## Stored entries:
——
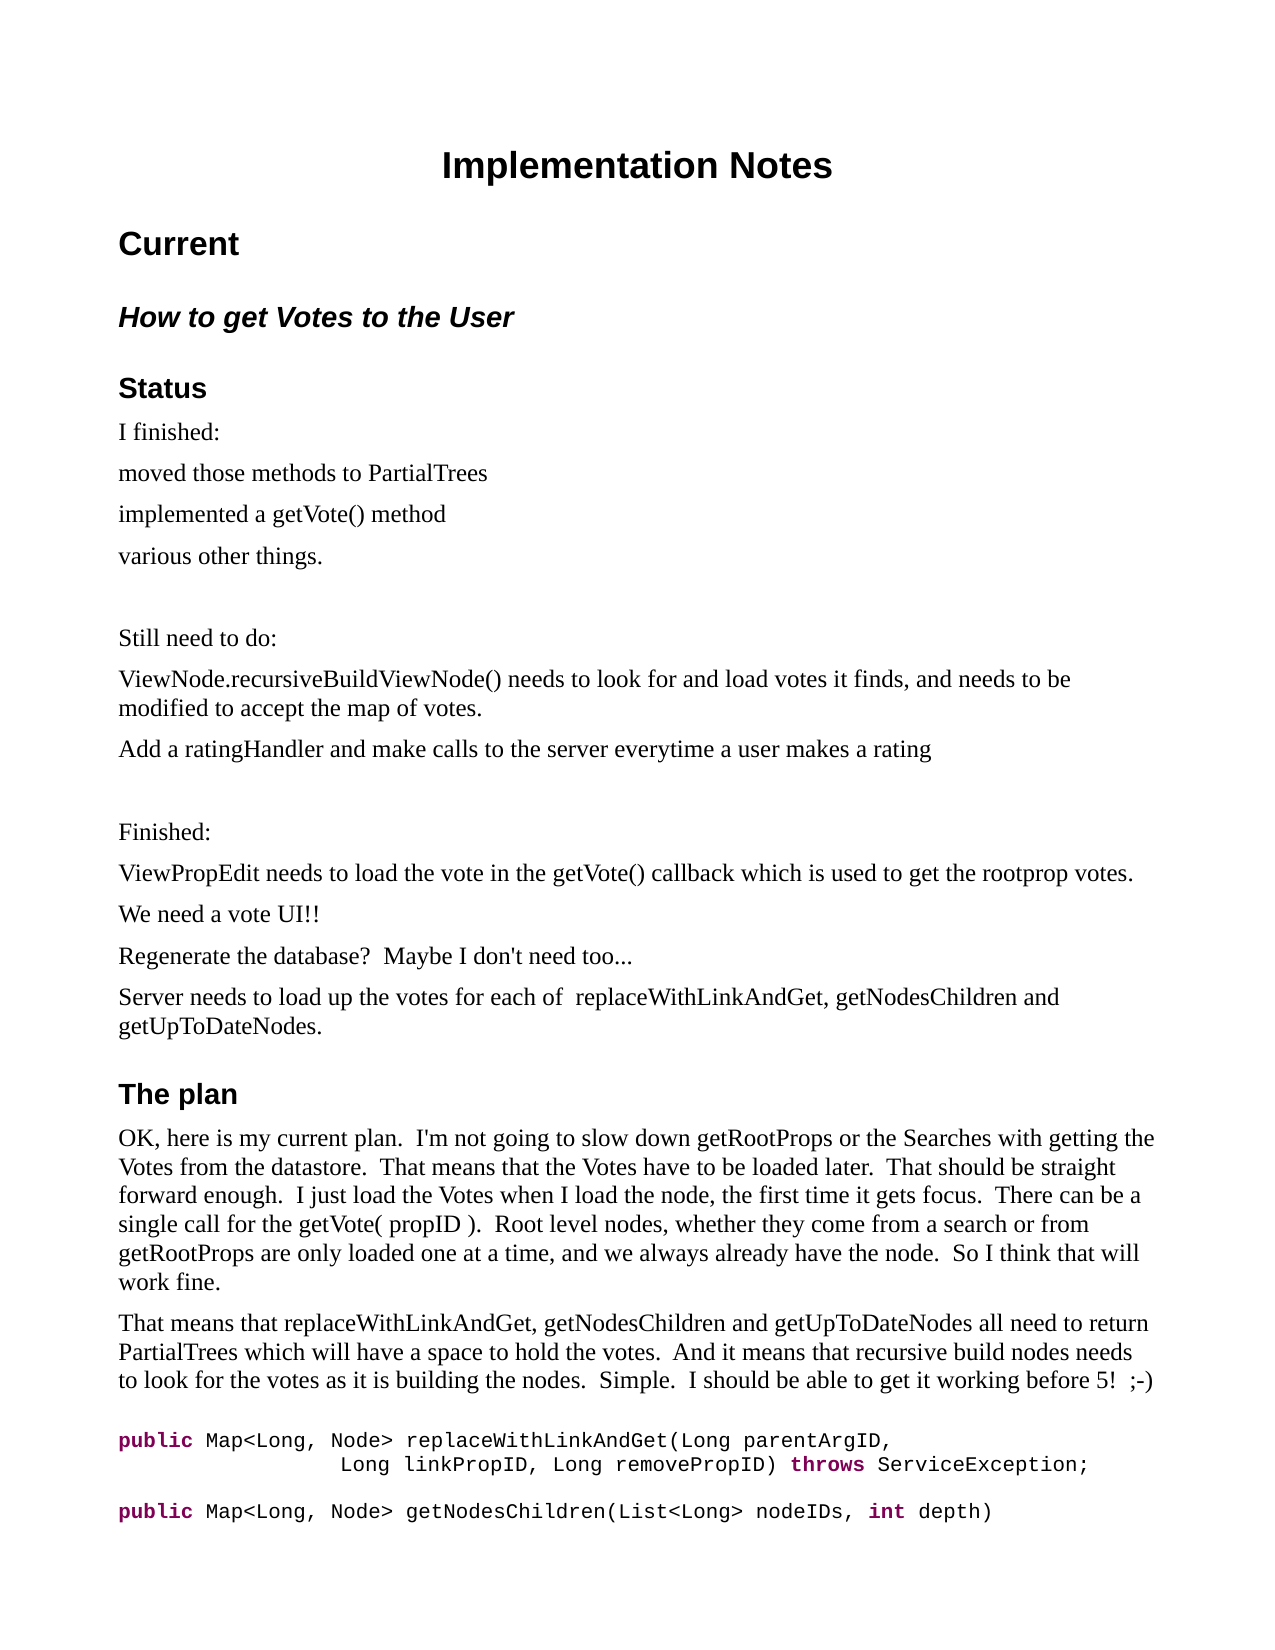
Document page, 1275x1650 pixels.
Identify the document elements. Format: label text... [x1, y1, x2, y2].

title Implementation Notes [118, 143, 1157, 186]
text Long linkPropID, Long removePropID) throws ServiceException; [118, 1454, 1157, 1478]
text public Map<Long, Node> replaceWithLinkAndGet(Long parentArgID, [118, 1430, 1157, 1454]
text ViewNode.recursiveBuildViewNode() needs to look for and load votes it finds, and needs to be modified to accept the map of votes. [118, 664, 1157, 722]
text implemented a getVote() method [118, 499, 1157, 528]
subtitle The plan [118, 1077, 1157, 1111]
subtitle Status [118, 371, 1157, 404]
text That means that replaceWithLinkAndGet, getNodesChildren and getUpToDateNodes all need to return PartialTrees which will have a space to hold the votes. And it means that recursive build nodes needs to look for the votes as it is building the nodes. Simple. I should be able to get it working before 5! ;-) [118, 1308, 1157, 1394]
text Regenerate the database? Maybe I don't need too... [118, 941, 1157, 969]
text Server needs to load up the votes for each of replaceWithLinkAndGet, getNodesChildren and getUpToDateNodes. [118, 982, 1157, 1039]
text public Map<Long, Node> getNodesChildren(List<Long> nodeIDs, int depth) [118, 1501, 1157, 1525]
text I finished: [118, 417, 1157, 446]
text Still need to do: [118, 623, 1157, 652]
text ViewPropEdit needs to load the vote in the getVote() callback which is used to get the rootprop votes. [118, 858, 1157, 887]
subtitle How to get Votes to the User [118, 300, 1157, 333]
text Finished: [118, 817, 1157, 846]
text We need a vote UI!! [118, 899, 1157, 928]
text Add a ratingHandler and make calls to the server everytime a user makes a rating [118, 734, 1157, 763]
text various other things. [118, 541, 1157, 569]
text moved those methods to PartialTrees [118, 458, 1157, 487]
subtitle Current [118, 224, 1157, 262]
text OK, here is my current plan. I'm not going to slow down getRootProps or the Searches with getting the Votes from the datastore. That means that the Votes have to be loaded later. That should be straight forward enough. I just load the Votes when I load the node, the first time it gets focus. There can be a single call for the getVote( propID ). Root level nodes, whether they come from a search or from getRootProps are only loaded one at a time, and we always already have the node. So I think that will work fine. [118, 1123, 1157, 1296]
——
## WHAT YOU NEED TO DO:
Write out exactly the lines above from the line with "subtitle The plan [118, 1077, 1157, 1111]" through the line with "subtitle Current [118, 224, 1157, 262]", both of them included, and leave out all other lines.

## SOLUTION TO THIS EXERCISE:
subtitle The plan [118, 1077, 1157, 1111]
subtitle Status [118, 371, 1157, 404]
text That means that replaceWithLinkAndGet, getNodesChildren and getUpToDateNodes all need to return PartialTrees which will have a space to hold the votes. And it means that recursive build nodes needs to look for the votes as it is building the nodes. Simple. I should be able to get it working before 5! ;-) [118, 1308, 1157, 1394]
text Regenerate the database? Maybe I don't need too... [118, 941, 1157, 969]
text Server needs to load up the votes for each of replaceWithLinkAndGet, getNodesChildren and getUpToDateNodes. [118, 982, 1157, 1039]
text public Map<Long, Node> getNodesChildren(List<Long> nodeIDs, int depth) [118, 1501, 1157, 1525]
text I finished: [118, 417, 1157, 446]
text Still need to do: [118, 623, 1157, 652]
text ViewPropEdit needs to load the vote in the getVote() callback which is used to get the rootprop votes. [118, 858, 1157, 887]
subtitle How to get Votes to the User [118, 300, 1157, 333]
text Finished: [118, 817, 1157, 846]
text We need a vote UI!! [118, 899, 1157, 928]
text Add a ratingHandler and make calls to the server everytime a user makes a rating [118, 734, 1157, 763]
text various other things. [118, 541, 1157, 569]
text moved those methods to PartialTrees [118, 458, 1157, 487]
subtitle Current [118, 224, 1157, 262]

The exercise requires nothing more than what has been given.